Lake DeSmet salmon growing quicker than predicted
Yes – you heard right - a new species was added to Lake DeSmet. About 40,000 fingerling kokanee (3 -4 inches) were stocked in April 2019. Kokanee are landlocked sockeye salmon that live mostly off shore in lakes and filter feed in the water column on small crustaceans called zooplankton. These zooplankton are at the base of the food chain and eat phytoplankton or algae that live in the open water.

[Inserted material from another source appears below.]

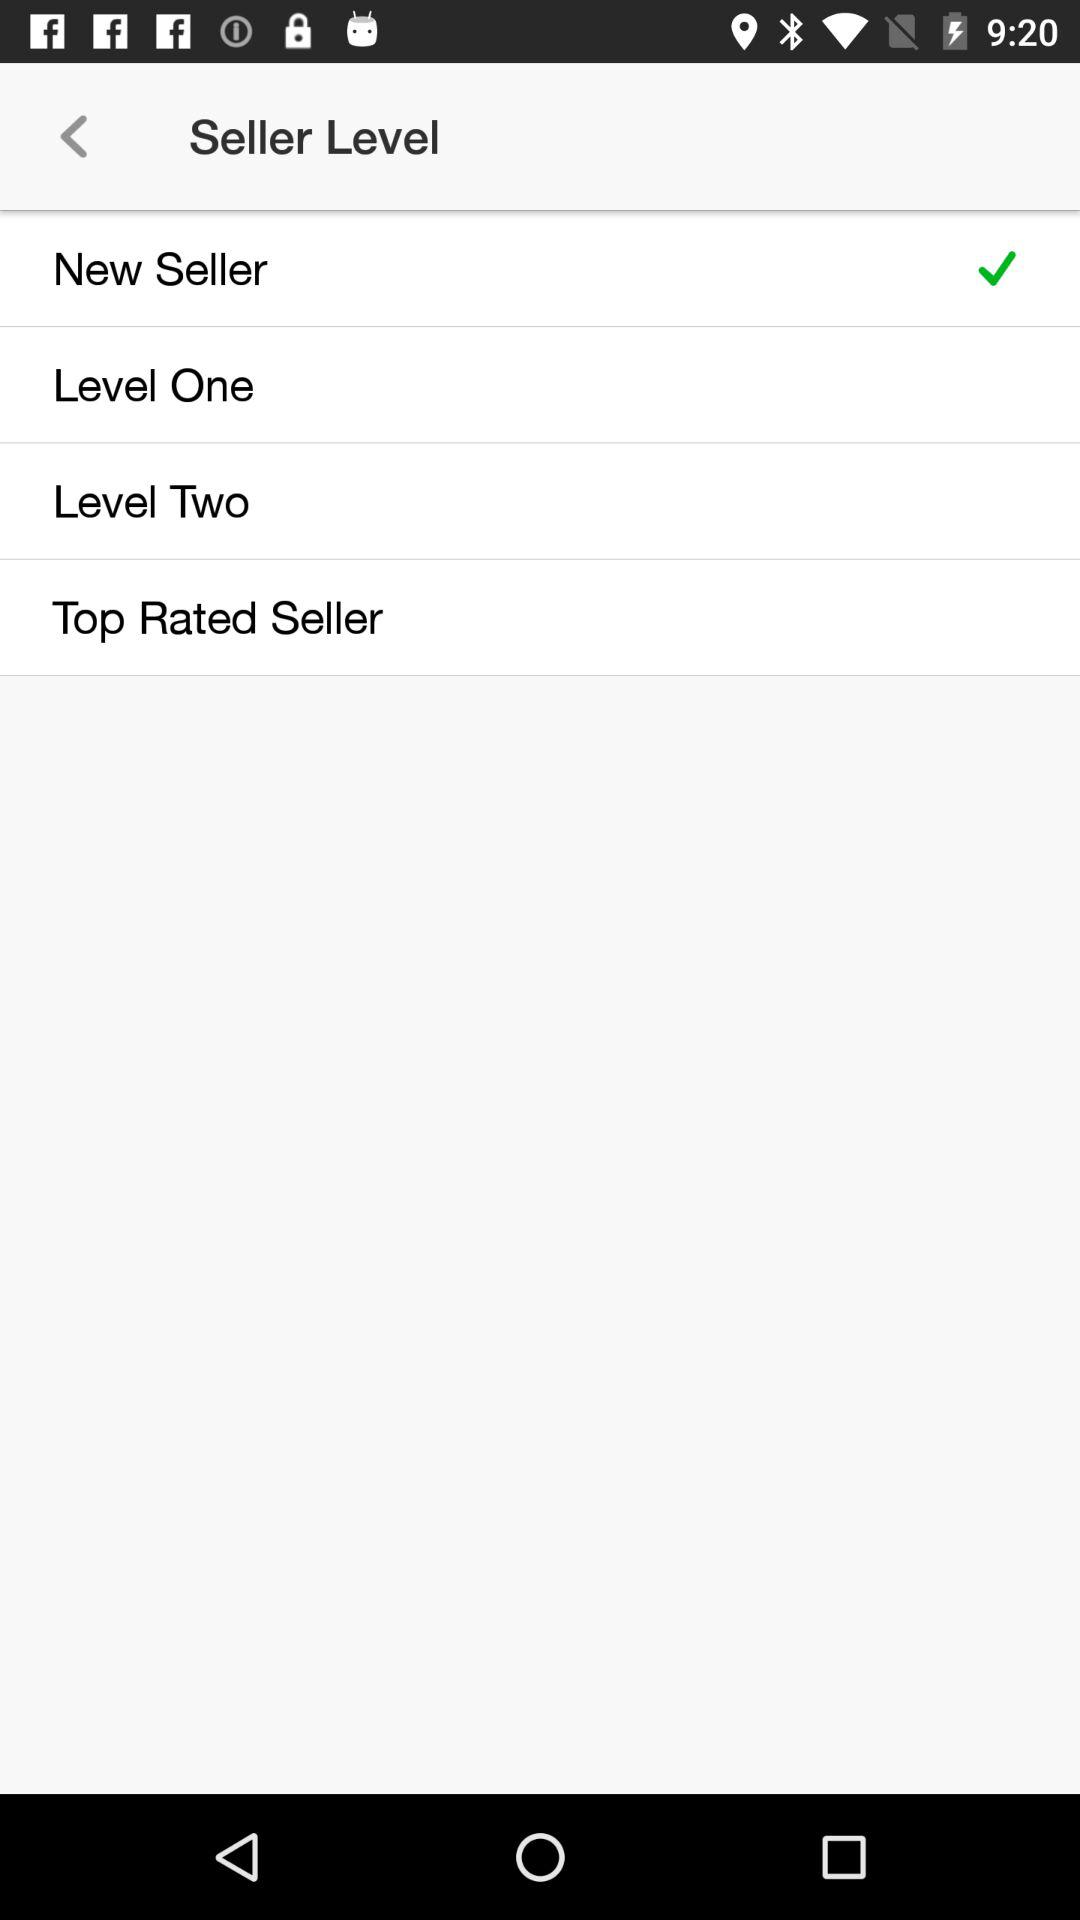What is the selected seller level? The selected seller level is "New Seller".

Biologists surveyed zooplankton densities over the summer and the numbers indicated the kokanee should grow well. In fact, two kokanee that were 7 inches long, fat, and sassy showed up during our fall gill net survey! They were not expected to be large enough for capture with the nets until spring 2020. It was a great sign that good things are to come.

The rainbow trout fishery at Lake DeSmet continues to struggle. Gill net catch rates remained low in 2019, aligned with a steady downward trend since 2016. The eagle lake strain of rainbow trout was very popular at DeSmet for decades, particularly with shore anglers because they were known for running the shoreline in the spring.

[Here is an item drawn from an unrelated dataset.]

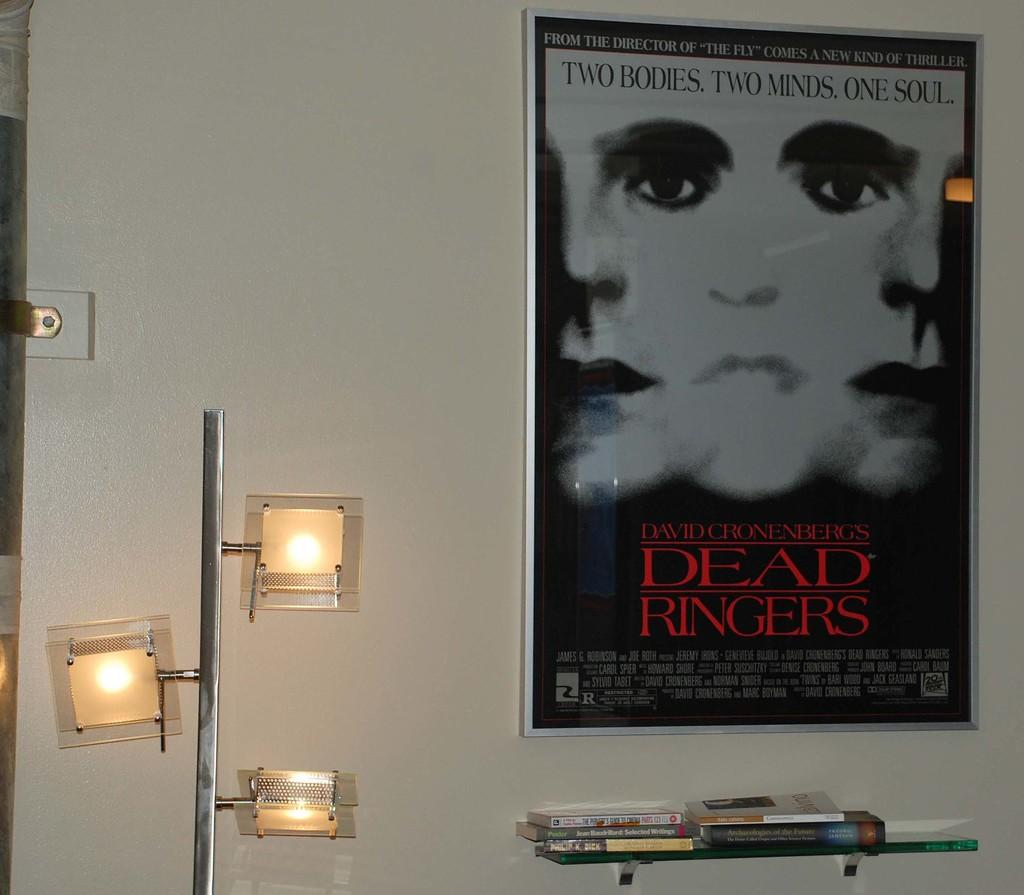<image>
Give a short and clear explanation of the subsequent image. a poster for dead ringers on the wall

Game and Fish has been marking Eagle Lake rainbows before they are stocked and have seen very, very few of them during our gill net surveys. In addition, only a single eagle lake rainbow was observed when 425 anglers were interviewed during a creel survey in 2019. Most of the rainbow trout caught at DeSmet now are “fall strain,” which were bred to spawn in a hatchery during the fall. Fall rainbows are performing better but not good enough yet to bring the fishery back to the glory days.

Big walleye, lake trout and brown trout are still common at Lake DeSmet. Although these fish challenge the rainbow trout fishery, they provide excellent opportunities for a trophy fish!